Yay, Marti!  Glad you were able to get it resolved!

Betsy


----------



## Sandpiper

mlewis78 said:


> i called Amazon this afternoon and resolved it. They had me disconnect and connect, but it still wasn't playing laptop content through my Echo. I just wasn't up to speed with how to control speakers on my laptop. Had to go to the speaker icon and bring up a box that had both the Echo and the laptop speakers listed but the laptop speaker (don't recall what they called it) was checked off. While Amazon help did not advise me to disable the laptop speaker, I did that while we were on the phone and it worked. Then the Echo was checkmarked and voila.


Have to do that too on my MacBook Pro when I play music / sound through Kinivo laptop speaker which plugs into USB port.


----------



## Betsy the Quilter

In the main Amazon Echo thread, Andra let us know that you can now access your Google calendar with your Echo. I tried it out and wanted to share.

Go to your Settings, and then Calendar Services:









Link your Google account (you need to already have a Google account). 

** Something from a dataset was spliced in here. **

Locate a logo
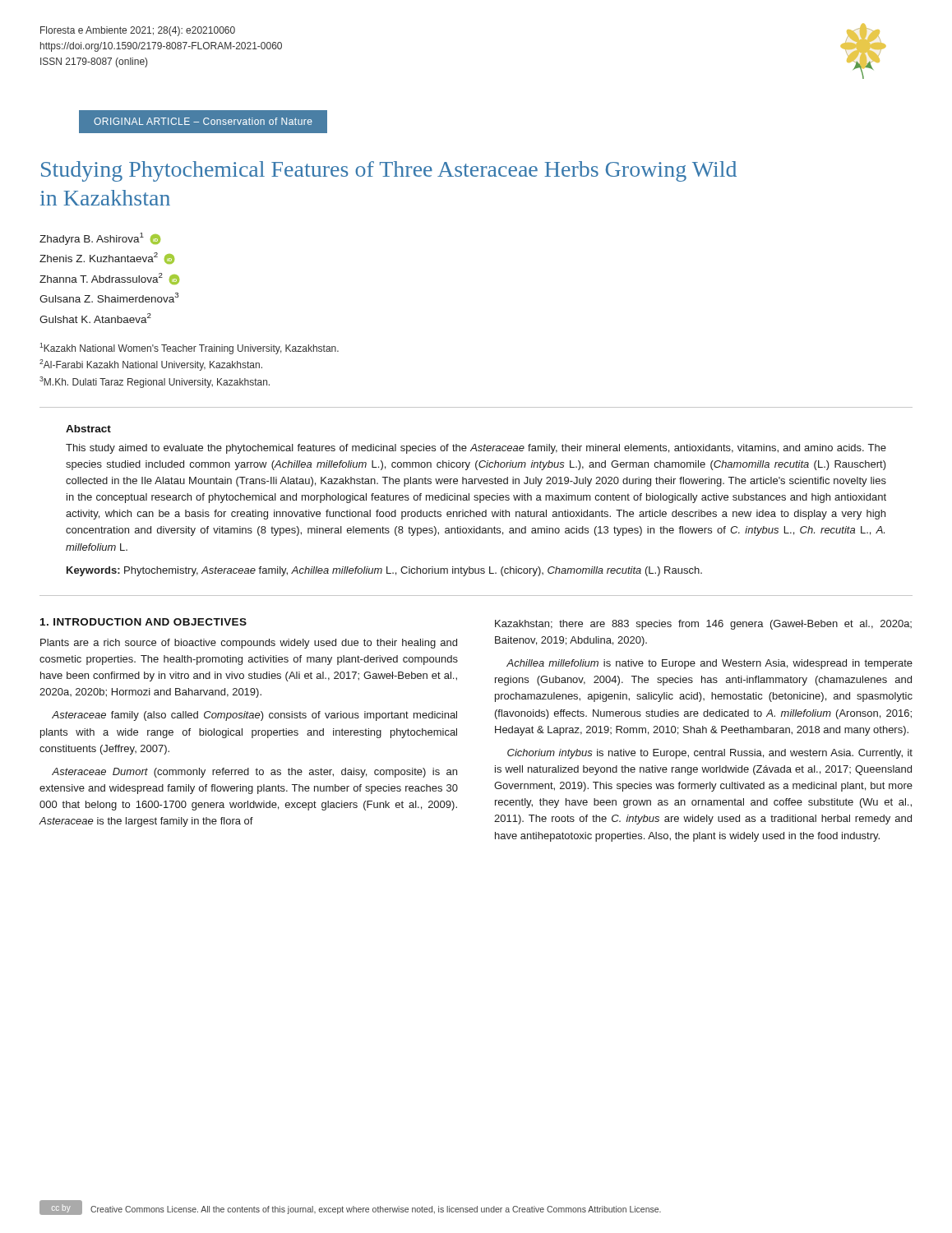The image size is (952, 1233). tap(863, 54)
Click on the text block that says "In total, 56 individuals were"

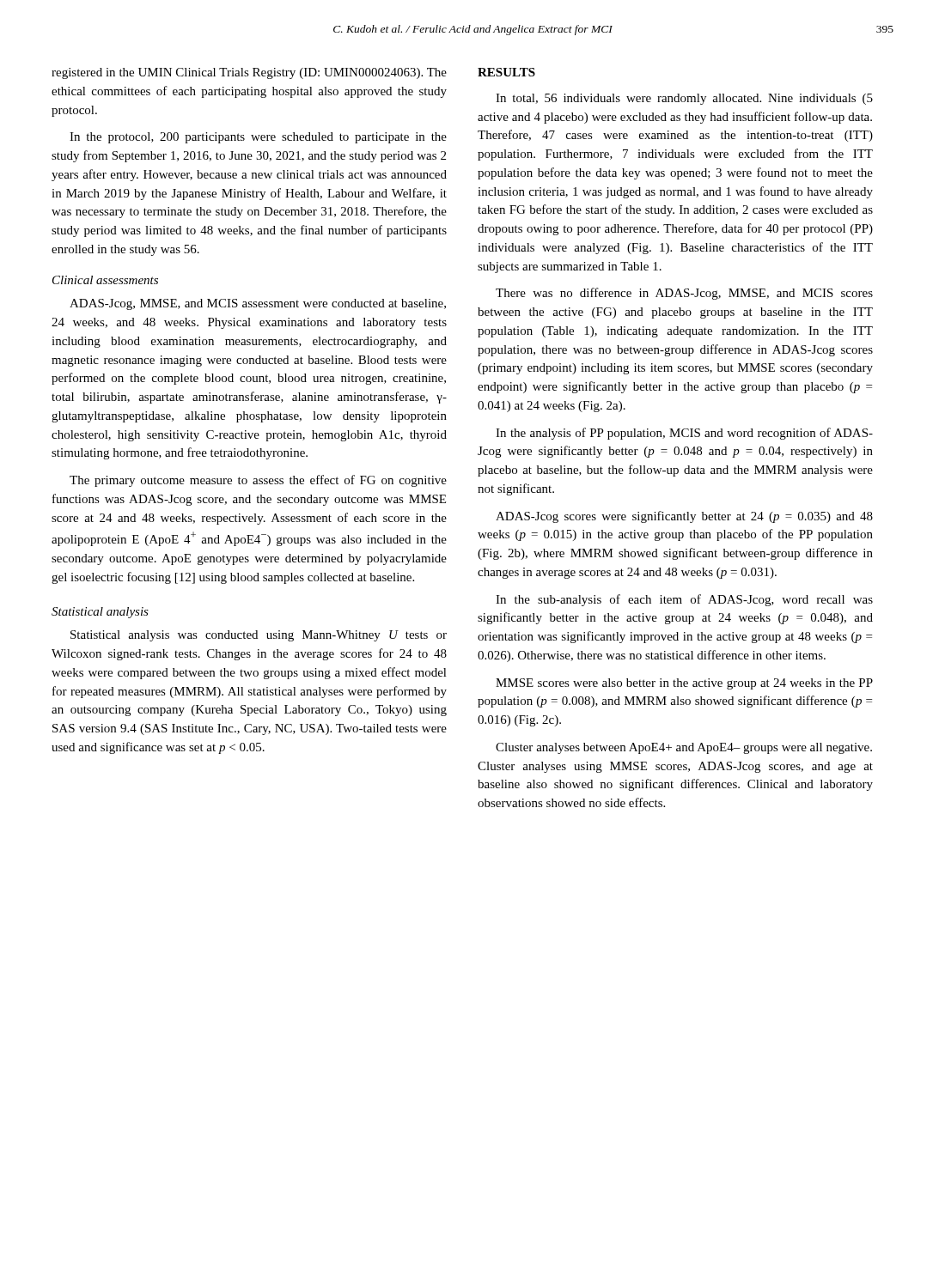[x=675, y=183]

If you have more than one Google account, like I do, you'll be asked to pick the one you want to connect and then see this screen:










Click "accept."

It works well. I tested it by adding and event and it read off items on my calendar for a specific day I asked about and for my events over the next week. You can ask:

*Alexa, when is my next event.

Alexa, what's on my calendar?

Alexa, what's on my calendar tomorrow at 9PM?

Alexa, what's on my calendar on Saturday?*

Betsy


----------



## Ann in Arlington

Bufo Calvin shared a trick to send messages using this feature . . . . agree on a specific time and the person at home can ask what's happening then. If the person away from home, with the app, has created an event at that time, it'll read it off. So Betsy could create an event for 5:43 that says, "Fred, start the spaghetti water boiling at 5 p.m."  Fred asks what's on at 5:43 and gets the message about starting the water boiling.


----------



## Betsy the Quilter

That's kinda cool...though I had to read it twice to figure out what the tip was.   (Not your writing, just wrapping my mind around it.)

Trying to decide if it would work with Fred....probably voice mail is better.  

Betsy


----------



## Ann in Arlington

Betsy the Quilter said:


> That's kinda cool...though I had to read it twice to figure out what the tip was.  (Not your writing, just wrapping my mind around it.)
> 
> Trying to decide if it would work with Fred....probably voice mail is better.
> 
> Betsy


Yeah . . . I had to read it from him a couple of times . . . . . I guess the key is to pick an easily remembered time and the person at home just has to remember to ask about it. Probably more than once a day because the person NOT at home may not have made an event by 19 a.m. but may have done so by 3 p.m. Might be good if one person was away from home for several days . . . .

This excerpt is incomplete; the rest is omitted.